Example 18 includes the method of any one of Examples 14 to 17, wherein the one or more hash operations includes an unlock operation to unlock a key-value pair matching a key associated with the hash table.
Example 19 includes the method of any one of Examples 14 to 18, wherein the first hash management buffer stalls forward execution of a thread in a first pipeline until the one or more hash operations have completed, and wherein the one or more hash operations are associated with a single hash identifier.
Example 20 includes the method of any one of Examples 14 to 18, wherein the first hash management buffer stalls forward execution of a thread in a first pipeline until the one or more hash operations have completed, and wherein the one or more hash operations are associated with a plurality of hash identifiers.
Example 21 includes an apparatus comprising means for performing the method of any one of Examples 14 to 20.

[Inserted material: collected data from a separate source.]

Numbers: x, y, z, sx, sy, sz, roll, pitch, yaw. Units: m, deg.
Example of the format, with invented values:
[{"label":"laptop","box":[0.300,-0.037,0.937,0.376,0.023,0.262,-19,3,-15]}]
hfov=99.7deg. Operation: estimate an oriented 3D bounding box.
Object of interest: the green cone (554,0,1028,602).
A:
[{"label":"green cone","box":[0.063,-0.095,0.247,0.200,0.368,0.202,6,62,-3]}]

The technology described herein therefore achieves enhanced performance even when a high number of key-value pairs are being scanned for a single hash operation. The technology described herein also eliminates excess memory accesses to multiple memory lines when deleting hash table entries and managing the pointers linking to the various entries of the hash table. The technology described herein is also viable in highly-scalable systems targeting large datasets.
Embodiments may be implemented in one or more modules as a set of logic instructions stored in a machine- or computer-readable storage medium such as random access memory (RAM), read only memory (ROM), programmable ROM (PROM), firmware, flash memory, etc., in hardware, or any combination thereof. For example, hardware implementations may include configurable logic, fixed-functionality logic, or any combination thereof. Examples of configurable logic (e.g., configurable hardware) include suitably configured programmable logic arrays (PLAs), field programmable gate arrays (FPGAs), complex programmable logic devices (CPLDs), and general purpose microprocessors. Examples of fixed-functionality logic (e.g., fixed-functionality hardware) include suitably configured application specific integrated circuits (ASICs), combinational logic circuits, and sequential logic circuits. The configurable or fixed-functionality logic can be implemented with complementary metal oxide semiconductor (CMOS) logic circuits, transistor-transistor logic (TTL) logic circuits, or other circuits.

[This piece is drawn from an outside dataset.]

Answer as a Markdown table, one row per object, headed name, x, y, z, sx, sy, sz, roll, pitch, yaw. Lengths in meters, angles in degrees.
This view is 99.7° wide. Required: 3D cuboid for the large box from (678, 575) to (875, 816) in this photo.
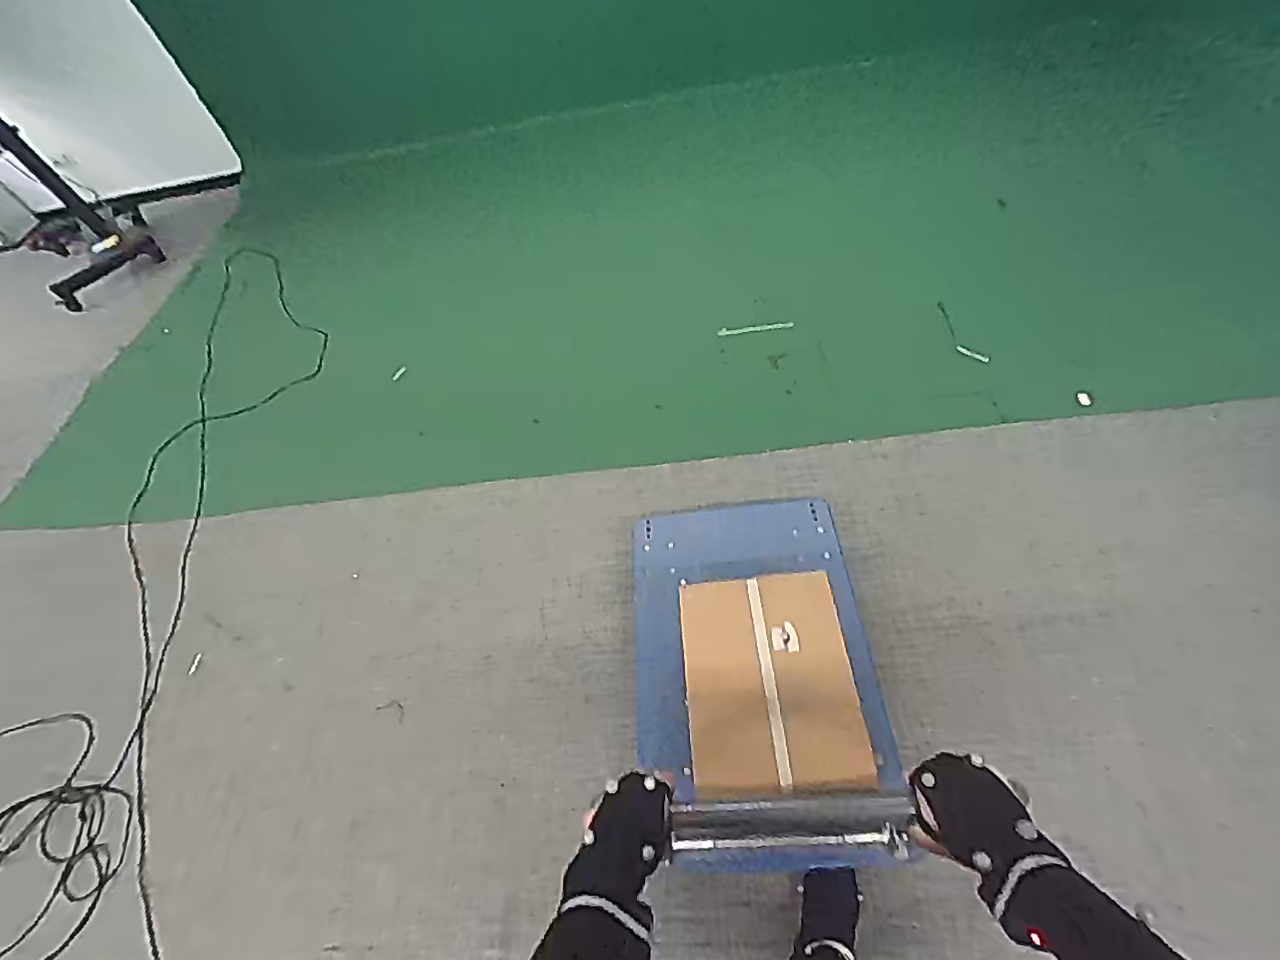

Moreover, a semiconductor apparatus (e.g., chip, die, package) can include one or more substrates (e.g., silicon, sapphire, gallium arsenide) and logic (e.g., circuitry, transistor array and other integrated circuit/IC components) coupled to the substrate(s), wherein the logic implements one or more aspects of the methods described herein. The logic may be implemented at least partly in configurable or fixed-functionality hardware. In one example, the logic includes transistor channel regions that are positioned (e.g., embedded) within the substrate(s). Thus, the interface between the logic and the substrate(s) may not be an abrupt junction. The logic may also be considered to include an epitaxial layer that is grown on an initial wafer of the substrate(s).
This invention was made with government support under Contract No. W911NF-22-C-0081 awarded by Army Research Office and IARPA. The government has certain rights in the invention.